Error Handling and Best Practices

  • API Key Security: Always keep your OpenAI API key on the server-side. Never expose it in client-side code.
  • User Feedback: Provide clear status messages to the user (e.g., "Recording...", "Processing...", "Transcription complete!", "Error: ...").
  • File Size Limits: OpenAI Whisper API has file size limits (currently 25 MB for the audio file).
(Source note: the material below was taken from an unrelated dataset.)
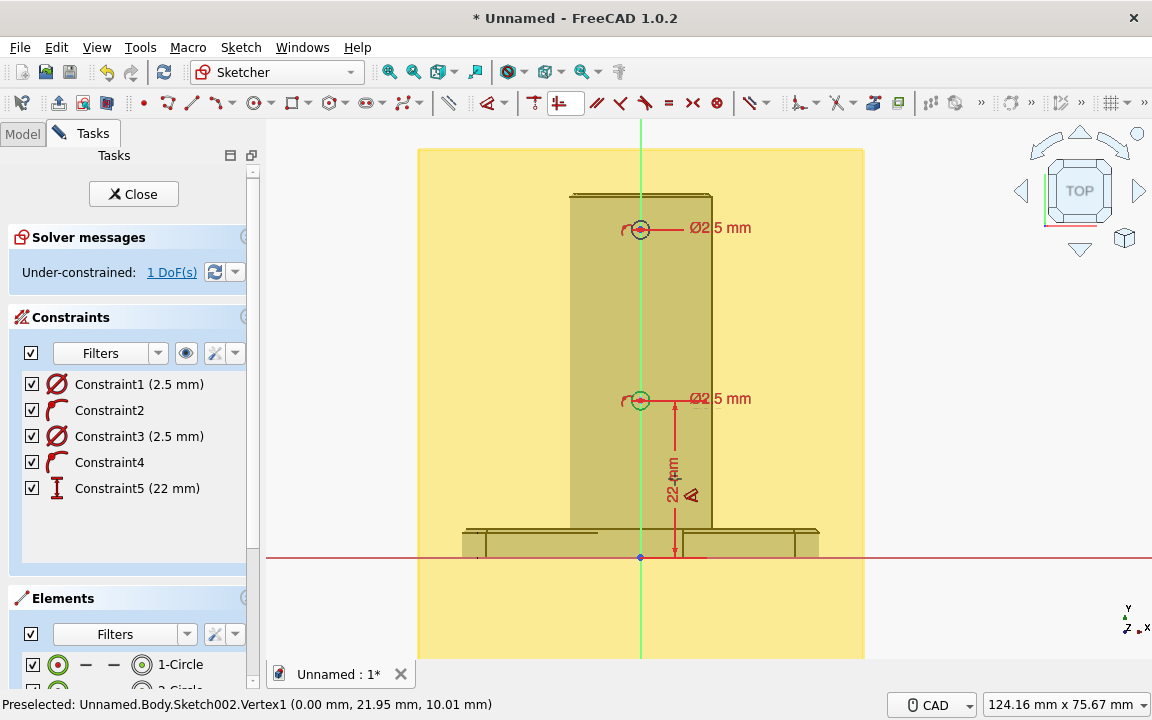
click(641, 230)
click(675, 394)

For longer audio, consider chunking the audio into smaller segments before sending them for transcription.
  • Error Logging: Implement robust error logging on your backend to diagnose issues with API calls or file processing.
  • Audio Quality: While Whisper is robust, better audio quality generally leads to more accurate transcriptions.
  • Cross-Browser Compatibility: Test microphone access and MediaRecorder API behavior across different browsers.

Further Enhancements

This is a basic implementation. Here are some ideas to enhance your transcription app:

  • Display Audio Waveform: Use a library like Web Audio API to visualize the audio input.
  • Progress Indicator: Add a loading spinner or progress bar during transcription.
  • Download Transcription: Provide an option to download the transcribed text as a `.txt` or `.srt` file.
  • Select Language: Allow users to specify the input language for more accurate transcription, if they know it.
  • Transcription Editing: Integrate a text editor for users to correct or refine the transcribed text.
  • Integration with other OpenAI models: Pass the transcribed text to GPT for summarization, translation, or other NLP tasks.